LOS ANGELES (CBSLA) – A town hall meeting featuring the California gubernatorial candidates in the 2018 election took place at USC Saturday morning.
The event featured four Democrats and two Republicans running for office. Democratic participants were Lt. Governor Gavin Newsom, former Los Angeles Mayor Antonio Villaraigosa, State Treasurer John Chiang and former state Superintendent of Schools Delaine Eastin. The Republicans on stage were Assemblyman Travis Allen and attorney John Cox.
Hosted by The Empowerment Congress and Los Angeles County Supervisor Mark Ridley-Thomas, the debate was held at the Jesse M. Unruh Institute of Politics at USC. It got underway at 9 a.m.
As KCAL9/CBS2’s Laurie Perez reports, immigration was a hot topic and the candidates held nothing back on the first question — reacting to President Trump’s recent reported comments on Haitian immigrants.

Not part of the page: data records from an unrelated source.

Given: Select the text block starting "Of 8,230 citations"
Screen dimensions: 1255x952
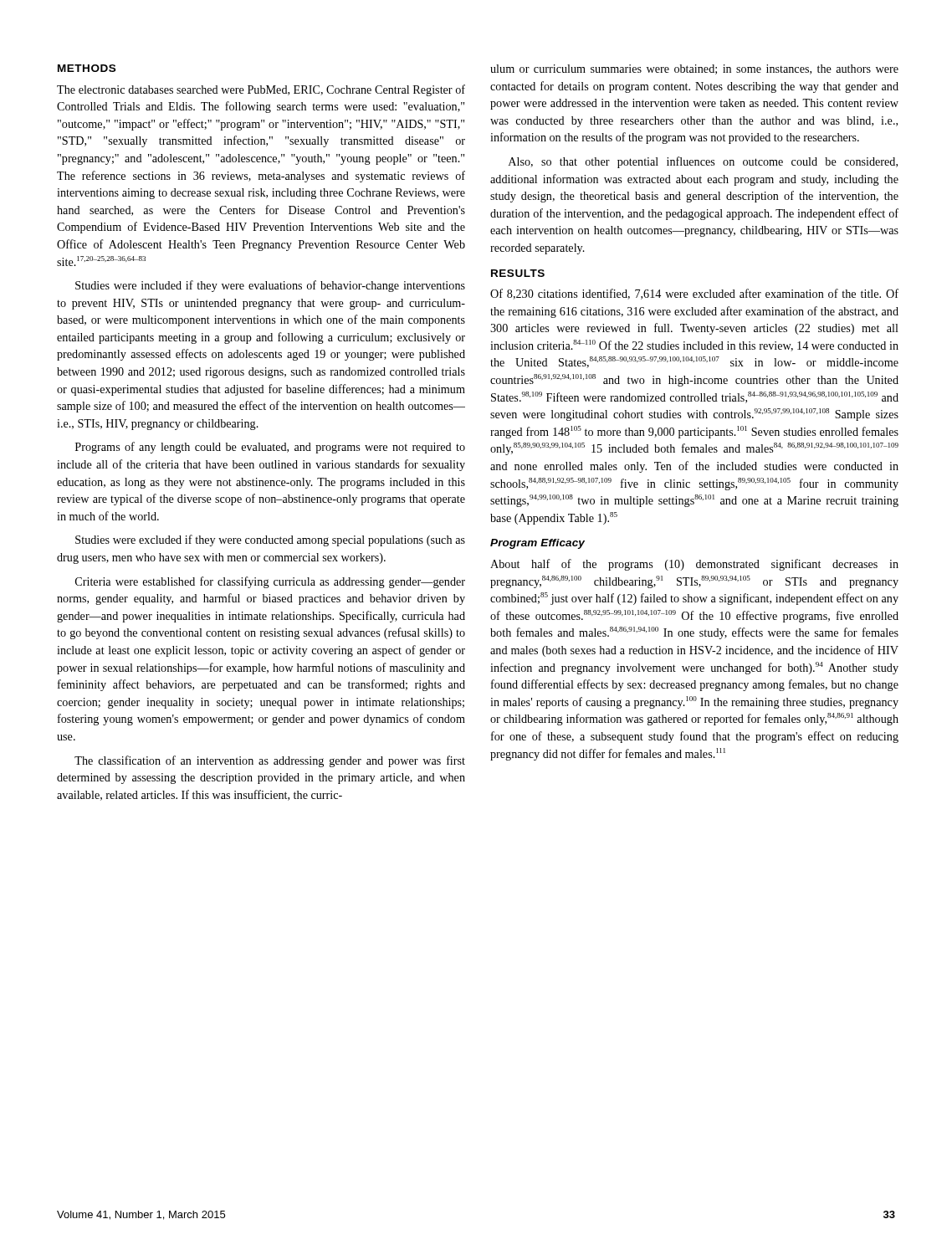Looking at the screenshot, I should 694,406.
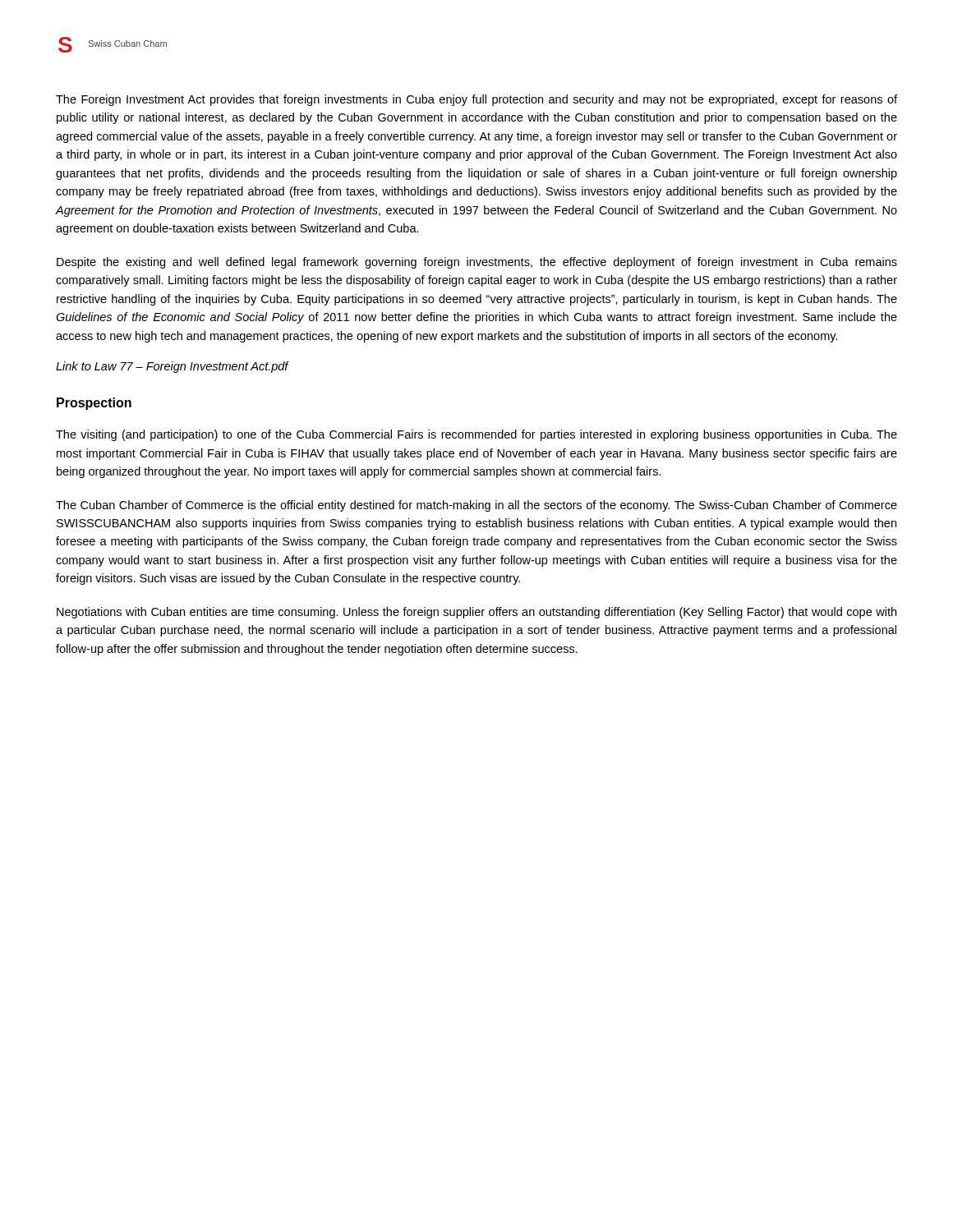This screenshot has width=953, height=1232.
Task: Find the passage starting "Negotiations with Cuban entities are time"
Action: pos(476,630)
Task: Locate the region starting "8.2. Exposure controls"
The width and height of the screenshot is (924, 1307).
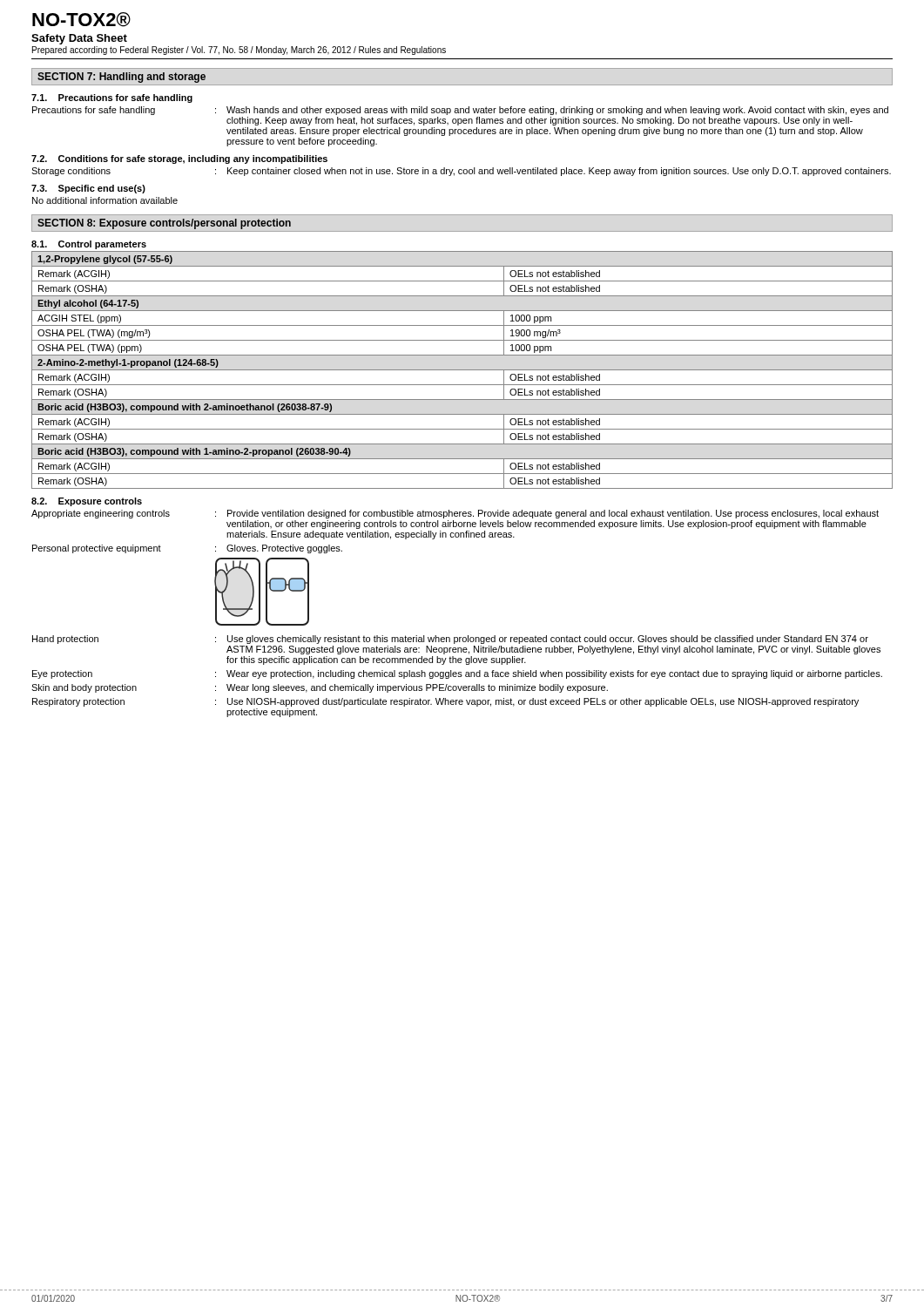Action: 462,501
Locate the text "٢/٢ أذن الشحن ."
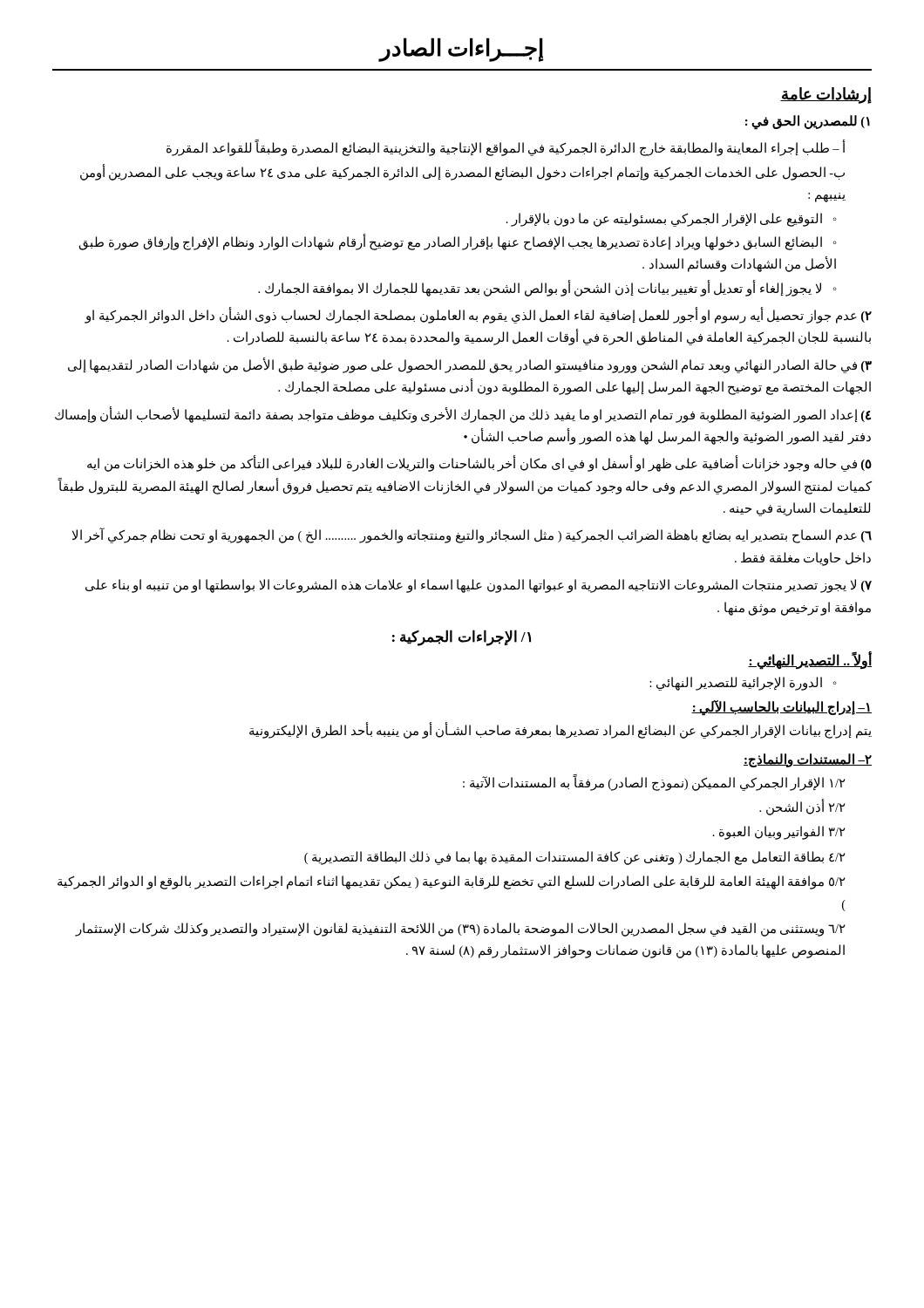The height and width of the screenshot is (1308, 924). 802,807
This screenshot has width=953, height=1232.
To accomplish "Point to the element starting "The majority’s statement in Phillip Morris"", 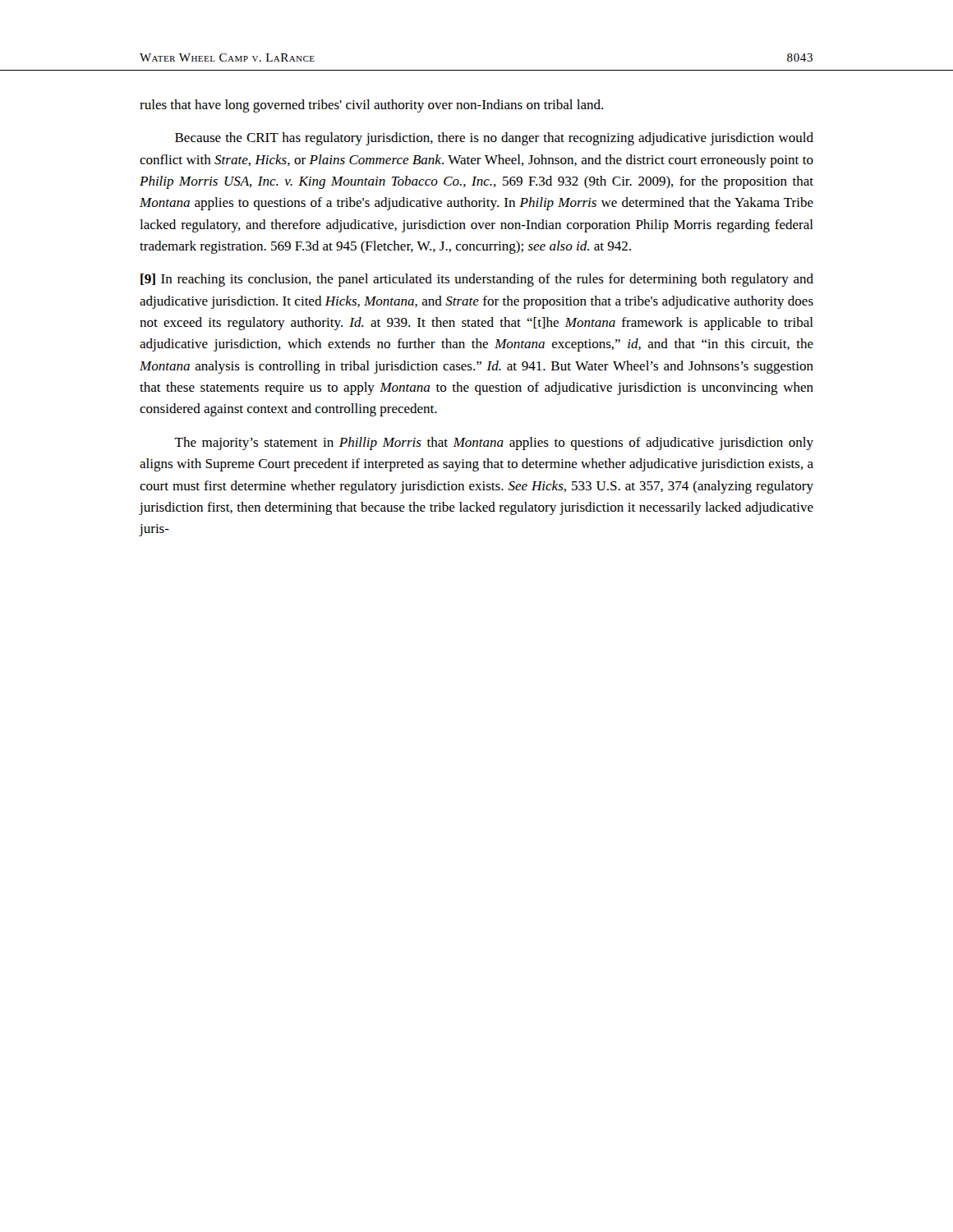I will coord(476,486).

“Clearly he’s a racist,” said Eastin.
“I don’t have the luxury of calling somebody a name and then deflecting the issue,” said Cox.
The candidates also explained how they’d work with the president.
“How can I work with him? With great difficulty obviously,” said Villaraigosa.
“We’re gonna challenge President Trump on the issues that are critical to all Californians,” said Chiang.
Their responses drew a mix of applause and boos.
“The question for all of us — are we gonna be the center of the resistance or are we gonna be a positive alternative to the agenda being pushed by the Trump Administration?,” said Newsome.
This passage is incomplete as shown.